*Source records:*

▽

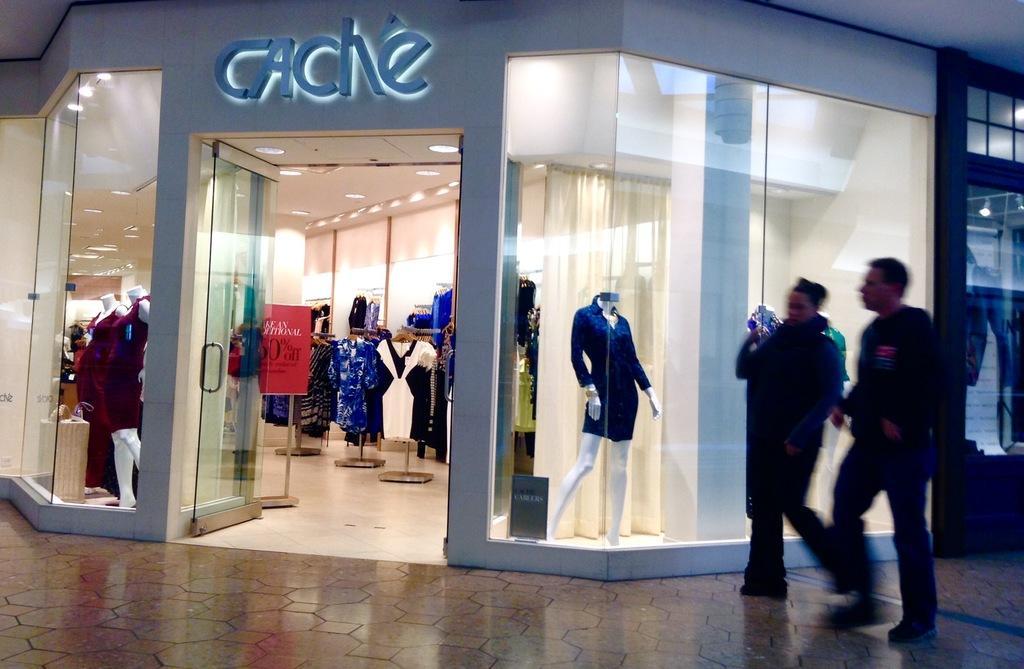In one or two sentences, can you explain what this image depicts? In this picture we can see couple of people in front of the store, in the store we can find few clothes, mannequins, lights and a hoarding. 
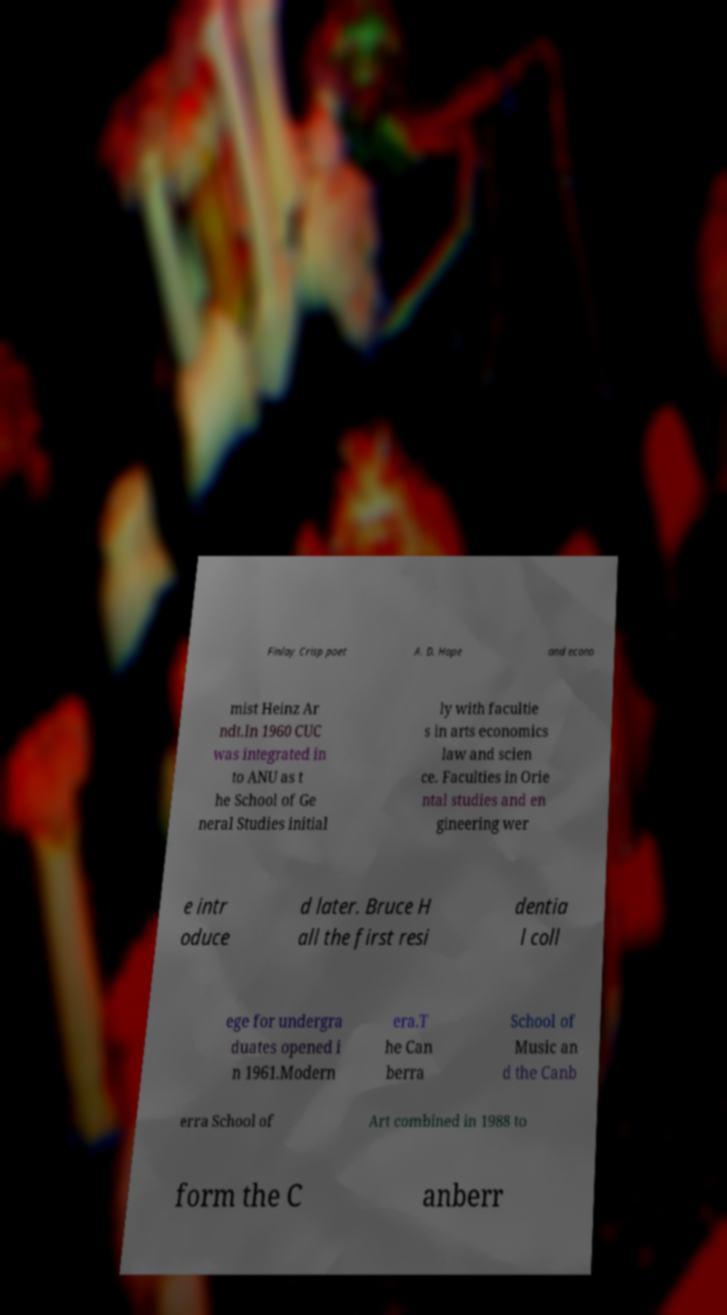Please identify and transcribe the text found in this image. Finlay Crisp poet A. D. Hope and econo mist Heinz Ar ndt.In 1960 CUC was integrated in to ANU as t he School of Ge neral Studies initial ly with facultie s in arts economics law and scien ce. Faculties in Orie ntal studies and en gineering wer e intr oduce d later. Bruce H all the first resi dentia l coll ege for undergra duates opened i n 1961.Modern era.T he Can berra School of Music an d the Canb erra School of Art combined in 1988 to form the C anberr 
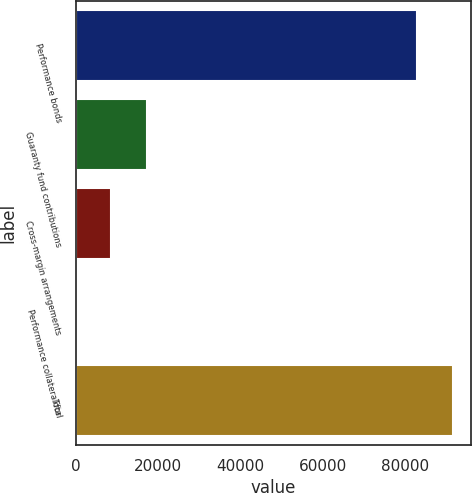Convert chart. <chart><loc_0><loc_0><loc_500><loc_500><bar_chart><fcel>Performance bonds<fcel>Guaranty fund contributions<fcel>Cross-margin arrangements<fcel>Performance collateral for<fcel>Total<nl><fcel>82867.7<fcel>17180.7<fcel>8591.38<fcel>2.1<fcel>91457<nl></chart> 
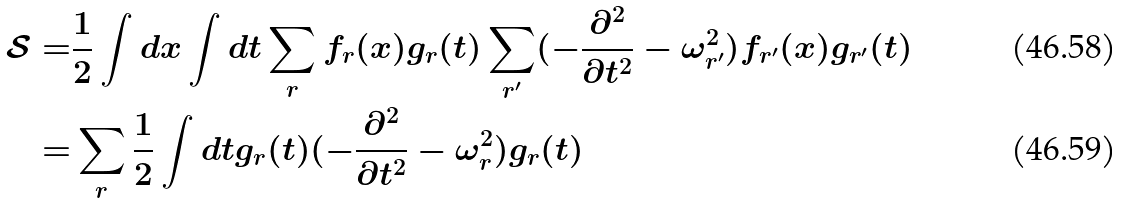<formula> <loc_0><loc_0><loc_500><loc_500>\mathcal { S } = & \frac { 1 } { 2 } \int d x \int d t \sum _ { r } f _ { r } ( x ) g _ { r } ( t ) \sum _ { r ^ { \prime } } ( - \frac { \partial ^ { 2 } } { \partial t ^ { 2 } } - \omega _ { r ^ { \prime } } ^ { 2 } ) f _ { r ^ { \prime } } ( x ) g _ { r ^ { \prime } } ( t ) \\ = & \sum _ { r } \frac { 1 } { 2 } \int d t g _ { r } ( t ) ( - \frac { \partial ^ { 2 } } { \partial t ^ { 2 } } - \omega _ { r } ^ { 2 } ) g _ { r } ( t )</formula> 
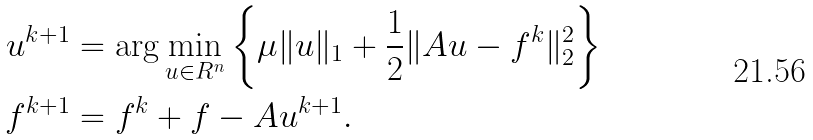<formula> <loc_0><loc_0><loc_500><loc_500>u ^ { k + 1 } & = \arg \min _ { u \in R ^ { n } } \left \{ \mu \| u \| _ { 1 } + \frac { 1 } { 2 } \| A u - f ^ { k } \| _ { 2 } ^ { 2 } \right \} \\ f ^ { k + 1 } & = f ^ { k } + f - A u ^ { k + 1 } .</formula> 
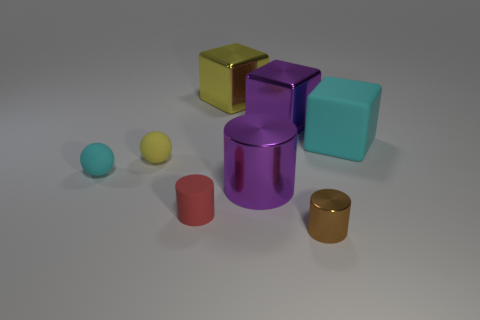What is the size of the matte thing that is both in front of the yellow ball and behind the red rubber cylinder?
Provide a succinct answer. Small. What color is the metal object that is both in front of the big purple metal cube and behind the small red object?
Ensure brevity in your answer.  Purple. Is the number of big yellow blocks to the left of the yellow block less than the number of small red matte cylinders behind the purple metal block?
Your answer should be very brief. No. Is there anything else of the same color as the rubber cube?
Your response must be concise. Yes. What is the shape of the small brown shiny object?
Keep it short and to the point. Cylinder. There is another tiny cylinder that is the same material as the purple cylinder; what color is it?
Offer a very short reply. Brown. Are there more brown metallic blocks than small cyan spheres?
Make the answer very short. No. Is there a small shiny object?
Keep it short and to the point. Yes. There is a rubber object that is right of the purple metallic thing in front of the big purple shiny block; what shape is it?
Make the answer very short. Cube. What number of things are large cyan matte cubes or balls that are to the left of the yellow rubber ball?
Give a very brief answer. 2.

△
▽

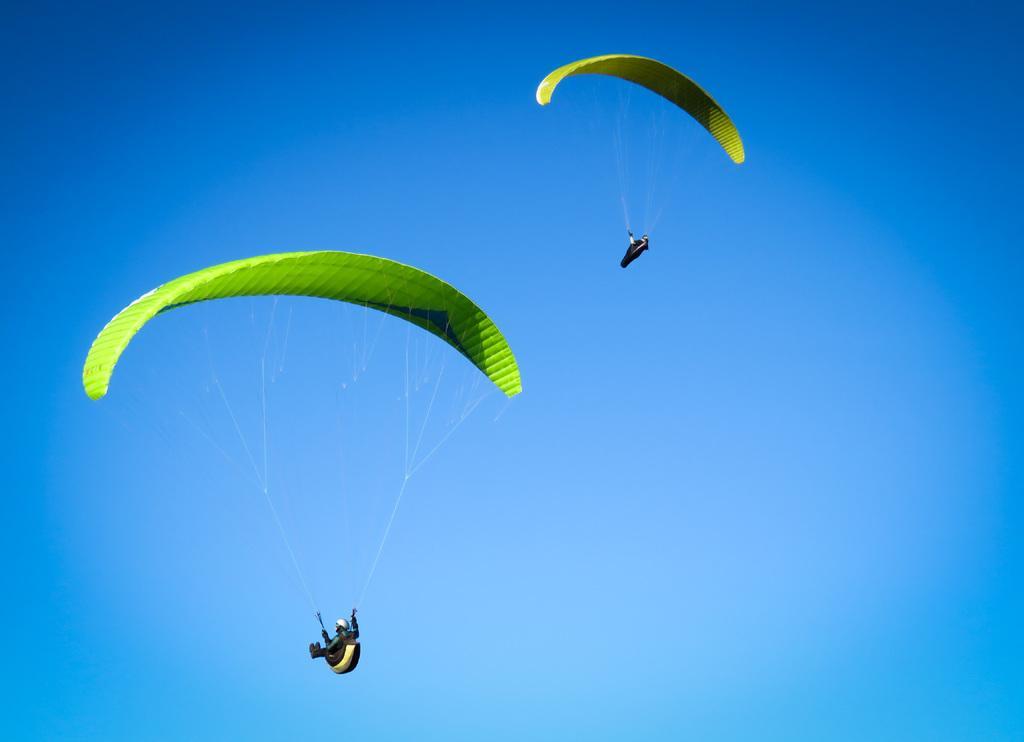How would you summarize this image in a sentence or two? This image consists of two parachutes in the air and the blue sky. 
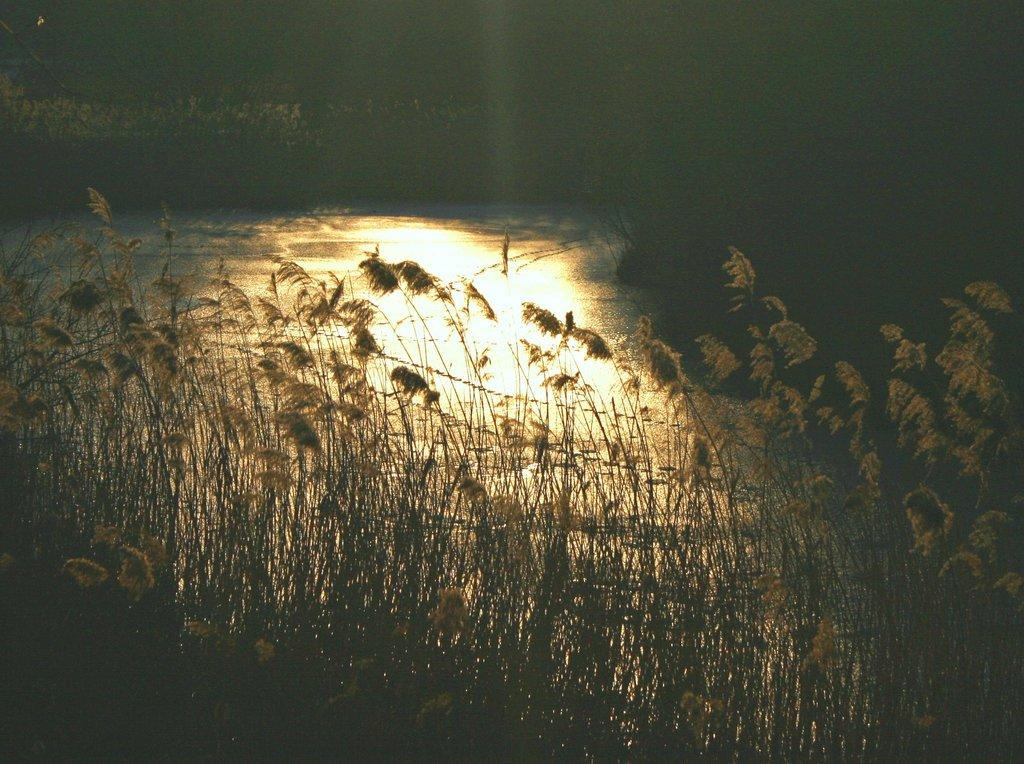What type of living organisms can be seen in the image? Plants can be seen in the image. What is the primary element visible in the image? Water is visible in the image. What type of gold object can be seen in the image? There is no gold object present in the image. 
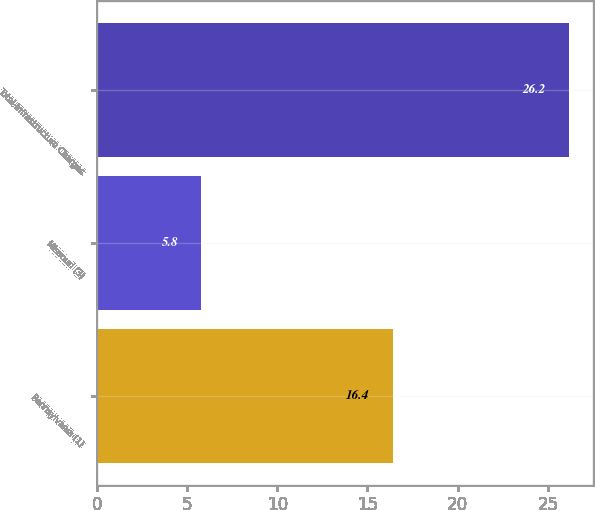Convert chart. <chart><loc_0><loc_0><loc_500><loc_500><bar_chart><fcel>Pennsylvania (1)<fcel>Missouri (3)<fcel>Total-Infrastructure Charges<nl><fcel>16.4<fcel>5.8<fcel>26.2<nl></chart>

△
▽

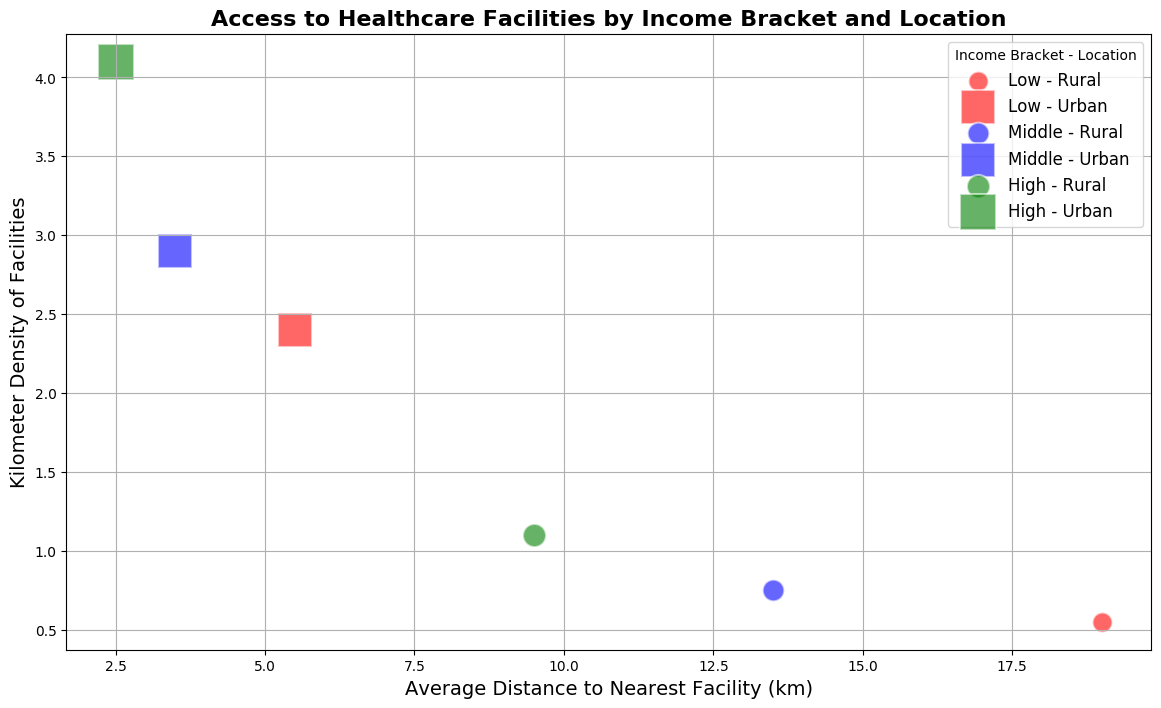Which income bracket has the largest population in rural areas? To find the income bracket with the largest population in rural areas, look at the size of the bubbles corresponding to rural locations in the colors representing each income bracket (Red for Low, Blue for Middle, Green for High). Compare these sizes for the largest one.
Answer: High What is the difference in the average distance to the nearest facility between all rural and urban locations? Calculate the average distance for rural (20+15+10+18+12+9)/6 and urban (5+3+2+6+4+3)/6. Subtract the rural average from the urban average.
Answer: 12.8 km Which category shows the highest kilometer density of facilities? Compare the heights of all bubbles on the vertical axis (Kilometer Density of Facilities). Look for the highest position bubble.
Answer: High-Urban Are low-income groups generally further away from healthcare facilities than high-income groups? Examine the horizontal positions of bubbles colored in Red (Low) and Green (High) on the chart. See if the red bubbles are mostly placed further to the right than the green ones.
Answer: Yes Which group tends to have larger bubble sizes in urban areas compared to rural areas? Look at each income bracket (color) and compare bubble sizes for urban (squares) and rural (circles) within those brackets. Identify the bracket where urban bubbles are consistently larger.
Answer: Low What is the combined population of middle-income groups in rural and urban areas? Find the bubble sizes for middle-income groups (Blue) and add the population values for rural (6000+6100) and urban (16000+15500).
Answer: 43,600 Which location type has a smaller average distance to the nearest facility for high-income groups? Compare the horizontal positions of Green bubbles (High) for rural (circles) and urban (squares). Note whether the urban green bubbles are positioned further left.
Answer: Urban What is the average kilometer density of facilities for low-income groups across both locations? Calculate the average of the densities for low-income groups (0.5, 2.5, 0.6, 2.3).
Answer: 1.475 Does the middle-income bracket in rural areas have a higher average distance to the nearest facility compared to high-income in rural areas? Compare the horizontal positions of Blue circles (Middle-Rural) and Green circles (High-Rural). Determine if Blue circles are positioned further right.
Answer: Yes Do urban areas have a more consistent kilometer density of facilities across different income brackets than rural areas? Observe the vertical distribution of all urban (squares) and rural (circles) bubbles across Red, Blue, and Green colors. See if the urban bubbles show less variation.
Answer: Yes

△

*Try it:* Your answer should be the lines of the listing above between the line holding "Answer: High What" and the line holding "Answer: 43,600 Which", inclusive, restated word for word and alone.

*Task solution:*
Answer: High What is the difference in the average distance to the nearest facility between all rural and urban locations? Calculate the average distance for rural (20+15+10+18+12+9)/6 and urban (5+3+2+6+4+3)/6. Subtract the rural average from the urban average.
Answer: 12.8 km Which category shows the highest kilometer density of facilities? Compare the heights of all bubbles on the vertical axis (Kilometer Density of Facilities). Look for the highest position bubble.
Answer: High-Urban Are low-income groups generally further away from healthcare facilities than high-income groups? Examine the horizontal positions of bubbles colored in Red (Low) and Green (High) on the chart. See if the red bubbles are mostly placed further to the right than the green ones.
Answer: Yes Which group tends to have larger bubble sizes in urban areas compared to rural areas? Look at each income bracket (color) and compare bubble sizes for urban (squares) and rural (circles) within those brackets. Identify the bracket where urban bubbles are consistently larger.
Answer: Low What is the combined population of middle-income groups in rural and urban areas? Find the bubble sizes for middle-income groups (Blue) and add the population values for rural (6000+6100) and urban (16000+15500).
Answer: 43,600 Which location type has a smaller average distance to the nearest facility for high-income groups? Compare the horizontal positions of Green bubbles (High) for rural (circles) and urban (squares). Note whether the urban green bubbles are positioned further left.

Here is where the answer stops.